Though some points seem similar to the Bahmni project most of the article was very Google specific.

So here some ideas from some other websites to make this thread worth reading.

How to Open Source at Zalando

Open Source Guides

Building Welcoming Communities

  • “Make it easy for someone to use your project.”
  • “Be responsive.”
  • “Document everything”
  • “Meet contributors where they’re at”

Finding Users For Your Project

  • “Go where your project’s audience is”
  • "Find people experiencing the problem that your project solves. "
  • “Ask for feedback”
  • “Helping newcomers, sharing resources, and making thoughtful contributions to others’ work will help you build a positive reputation.”
  • “Sometimes, it takes a long time before people notice your open source project.”

Best Practices for Maintainers

  • “Documenting your processes”
  • “Communicate your expectations”
  • “Let others build the solutions they need”
  • “Require tests and other checks to improve the quality of your code”
  • “Take care of yourself first!”

Badge App

https://bestpractices.coreinfrastructure.org/

The Badge App is a certification program from the Linux Foundation for open source projects to encourage people to follow best practices for open source communities. I assume the certification is free and might help to grow the Bahmni community.

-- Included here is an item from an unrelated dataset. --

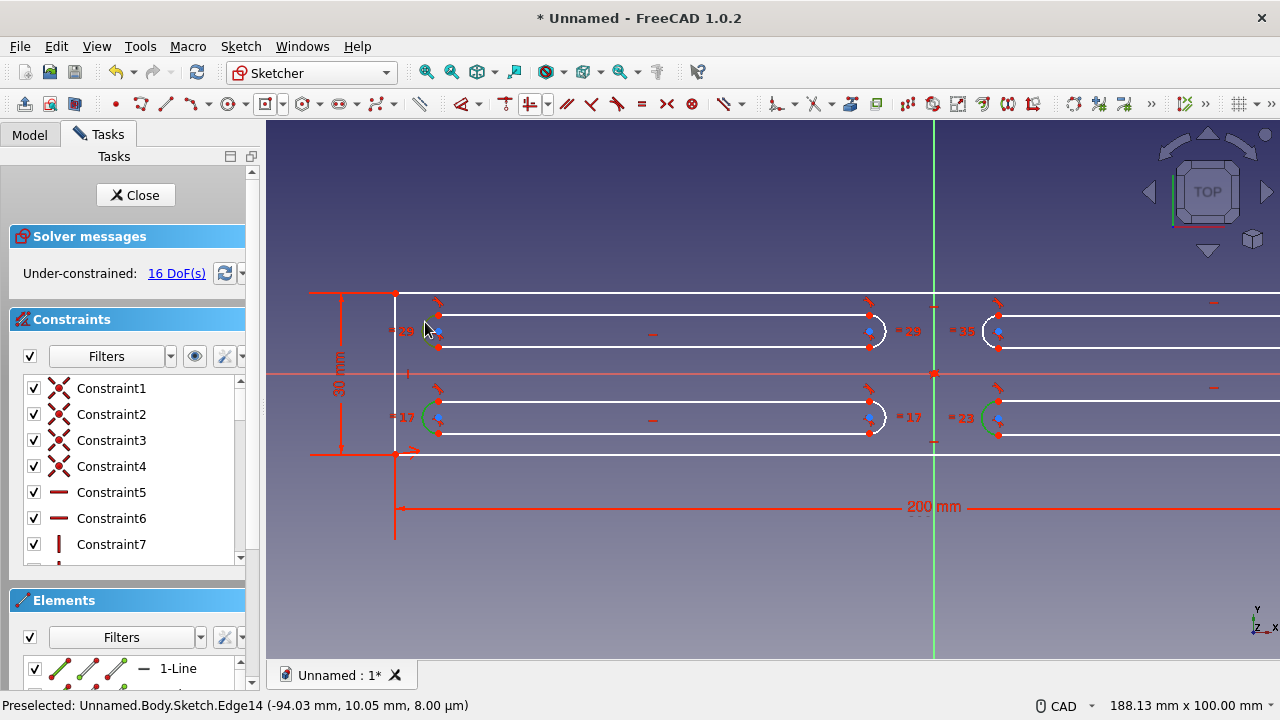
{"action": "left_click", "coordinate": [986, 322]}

The Badge criteria can be found on GitHub. Here some examples:

  • “The project MUST provide a process for users to submit bug reports”
  • “The project MUST publish the process for reporting vulnerabilities on the project site.”
  • “At least one static code analysis tool MUST be applied to any proposed major production release of the software before its release, if there is at least one FLOSS tool that implements this criterion in the selected language.”

FLOSS Weekly

If you would like to spread the word about Bahmni one of the project leaders could write an email to Randal Schwartz at merlyn@stonehenge.com. He can give you the opportunity to present the Bahmni project to the open source community.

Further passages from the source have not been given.